*PROBLEM REQUIREMENTS*.
Each entry that follows should be given again word for word; please leave out its pictures.

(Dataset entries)
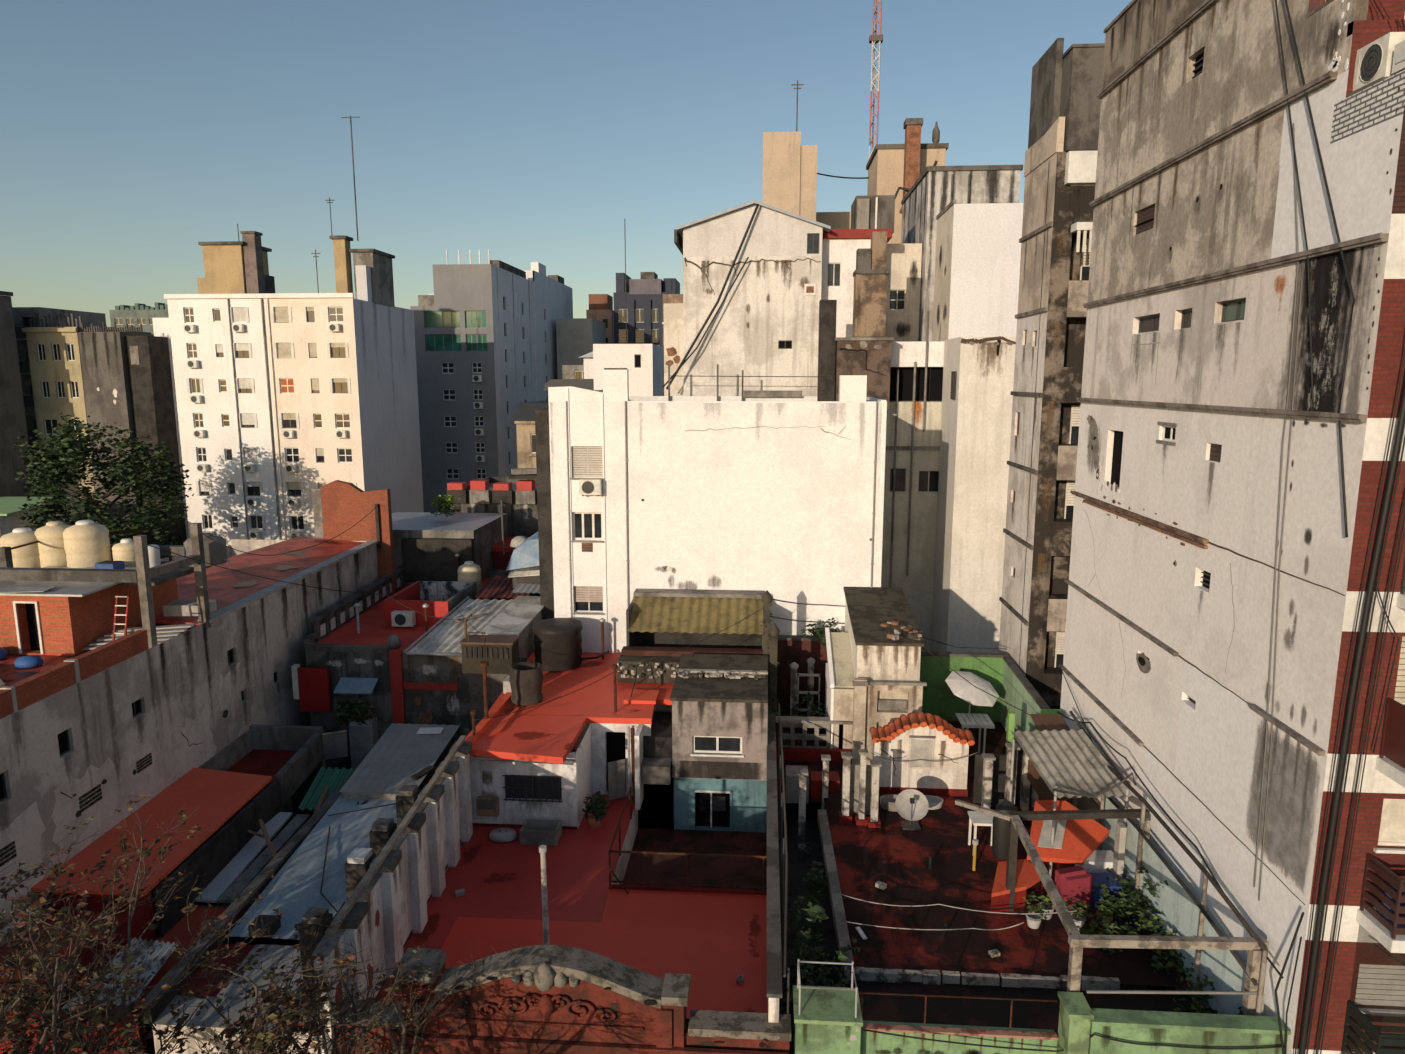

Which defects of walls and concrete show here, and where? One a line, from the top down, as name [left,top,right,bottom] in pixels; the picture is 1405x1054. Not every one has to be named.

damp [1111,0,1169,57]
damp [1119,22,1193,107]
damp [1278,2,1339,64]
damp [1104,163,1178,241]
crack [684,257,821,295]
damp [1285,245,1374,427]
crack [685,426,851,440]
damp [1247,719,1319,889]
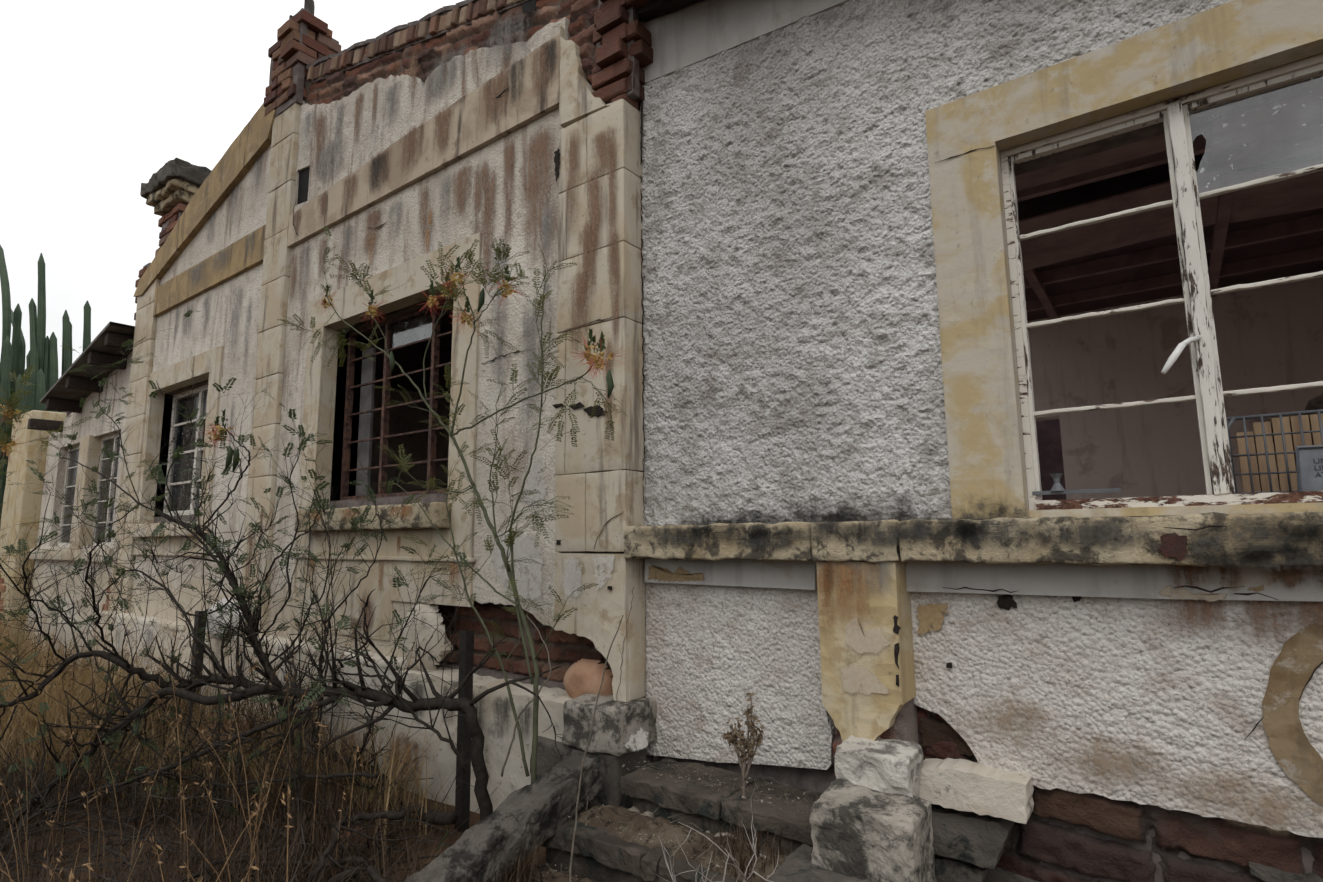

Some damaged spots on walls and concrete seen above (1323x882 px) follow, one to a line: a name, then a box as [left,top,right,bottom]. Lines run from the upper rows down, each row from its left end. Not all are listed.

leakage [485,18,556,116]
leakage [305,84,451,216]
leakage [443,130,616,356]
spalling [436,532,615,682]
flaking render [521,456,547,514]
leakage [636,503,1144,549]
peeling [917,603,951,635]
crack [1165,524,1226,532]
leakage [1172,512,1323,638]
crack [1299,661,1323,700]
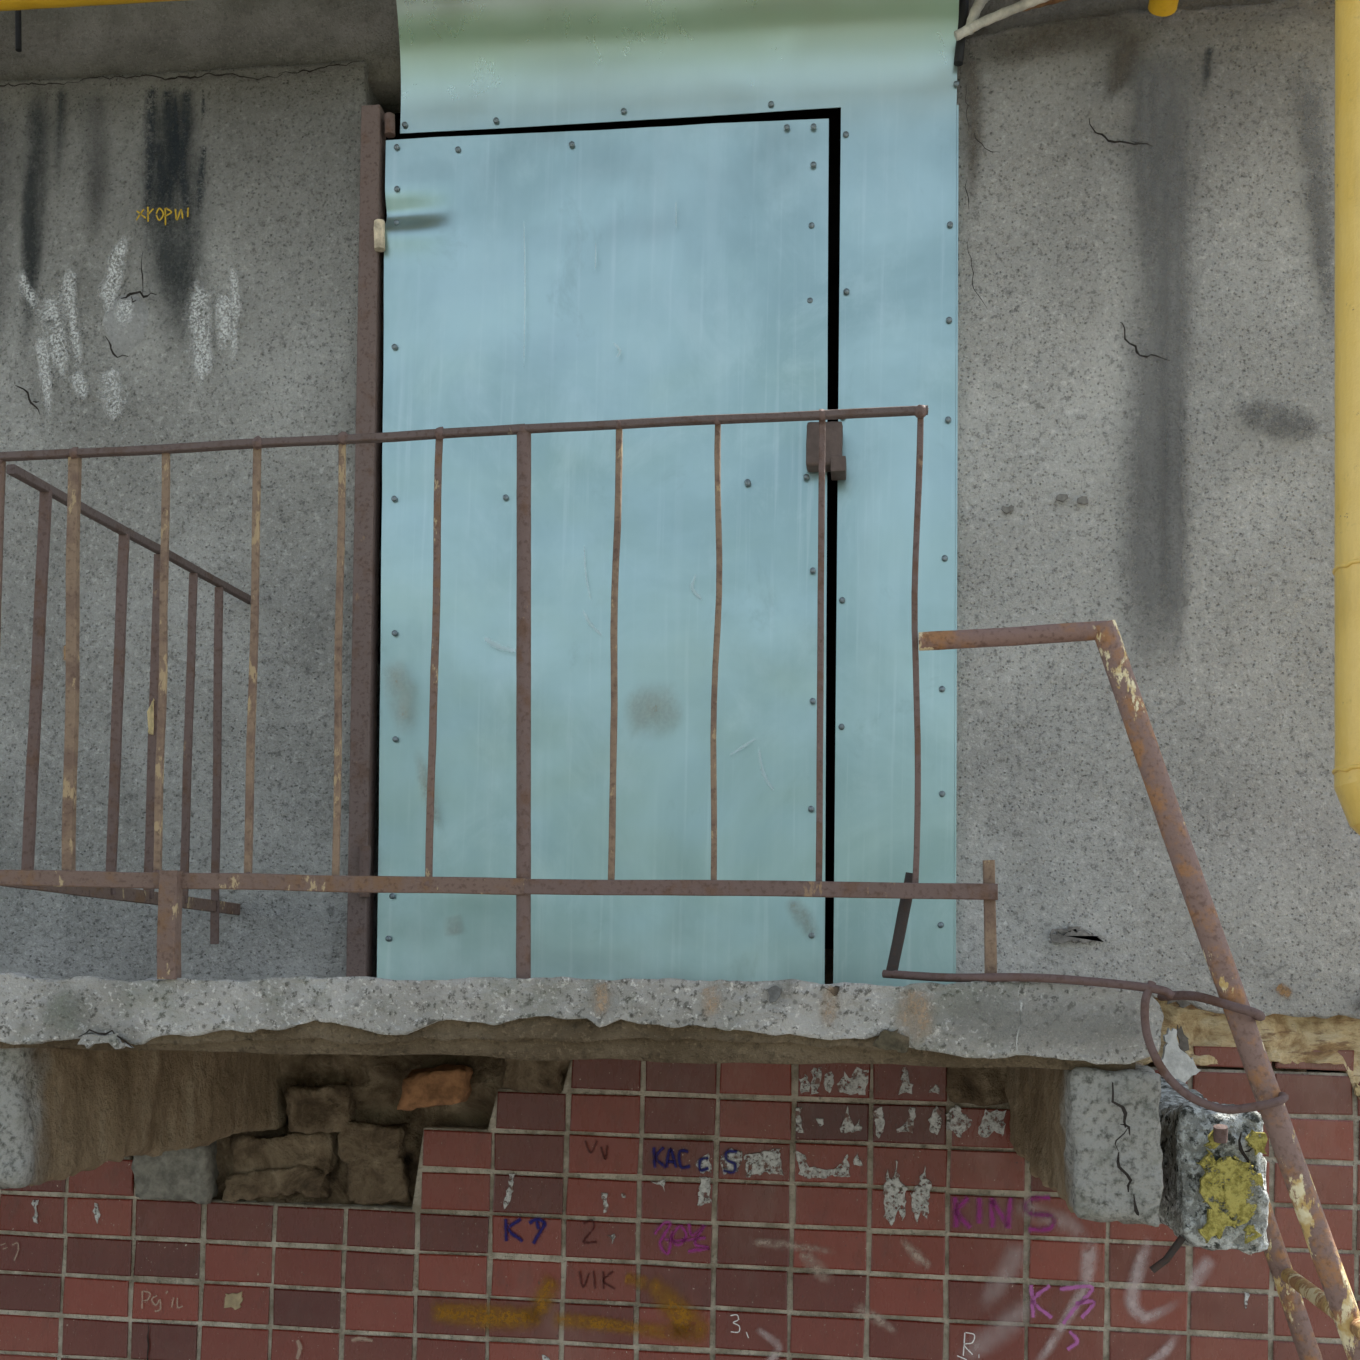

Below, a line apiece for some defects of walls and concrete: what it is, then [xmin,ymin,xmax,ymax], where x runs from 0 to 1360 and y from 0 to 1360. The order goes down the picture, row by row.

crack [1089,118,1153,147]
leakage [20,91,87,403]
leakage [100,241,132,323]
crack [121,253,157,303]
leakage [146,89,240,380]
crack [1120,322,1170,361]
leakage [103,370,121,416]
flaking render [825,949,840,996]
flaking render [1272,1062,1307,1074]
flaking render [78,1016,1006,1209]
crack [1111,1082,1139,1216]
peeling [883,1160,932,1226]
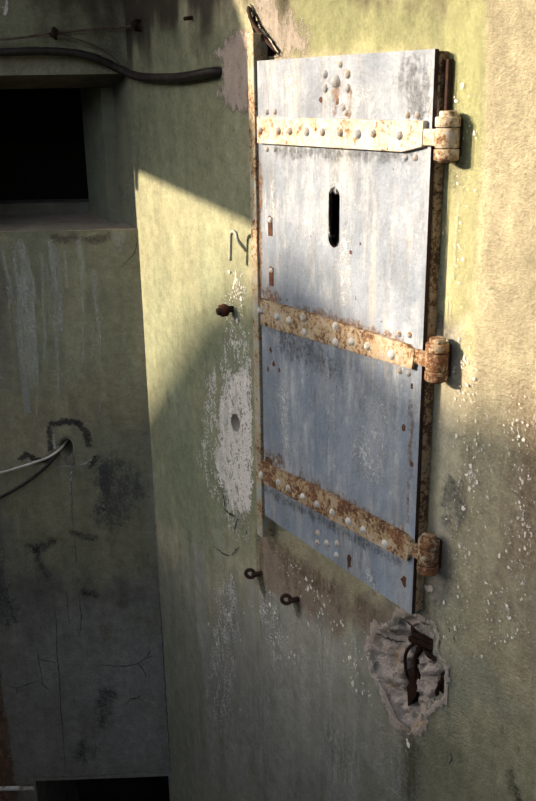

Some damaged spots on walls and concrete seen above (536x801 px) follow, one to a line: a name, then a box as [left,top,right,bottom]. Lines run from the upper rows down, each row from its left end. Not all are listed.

*ANSWER FOR THE TASK*.
Which defects of walls and concrete show here, and where? One a line, from the top down, as name [left,top,right,bottom] in pixels; the picture is 1405x1054. Not every one has to be named.

damp [1111,0,1169,57]
damp [1119,22,1193,107]
damp [1278,2,1339,64]
damp [1104,163,1178,241]
crack [684,257,821,295]
damp [1285,245,1374,427]
crack [685,426,851,440]
damp [1247,719,1319,889]

Some damaged spots on walls and concrete seen above (1323x882 px) follow, one to a line: a name, then a box as [left,top,right,bottom]. Lines run from the upper rows down, each row from its left end. Not all are listed.

leakage [485,18,556,116]
leakage [305,84,451,216]
leakage [443,130,616,356]
spalling [436,532,615,682]
flaking render [521,456,547,514]
leakage [636,503,1144,549]
peeling [917,603,951,635]
crack [1165,524,1226,532]
leakage [1172,512,1323,638]
crack [1299,661,1323,700]

Below, a line apiece for some defects of walls and concrete: what it is, then [xmin,ymin,xmax,ymax], where x runs from 0 to 1360 and y from 0 to 1360. The order goes down the picture, row by row.

crack [1089,118,1153,147]
leakage [20,91,87,403]
leakage [100,241,132,323]
crack [121,253,157,303]
leakage [146,89,240,380]
crack [1120,322,1170,361]
leakage [103,370,121,416]
flaking render [825,949,840,996]
flaking render [1272,1062,1307,1074]
flaking render [78,1016,1006,1209]
crack [1111,1082,1139,1216]
peeling [883,1160,932,1226]

Some damaged spots on walls and concrete seen above (536x801 px) follow, one to a line: a name, then a box as [left,top,right,bottom]. Lines run from the upper rows down, each row from its left end. Not all are listed.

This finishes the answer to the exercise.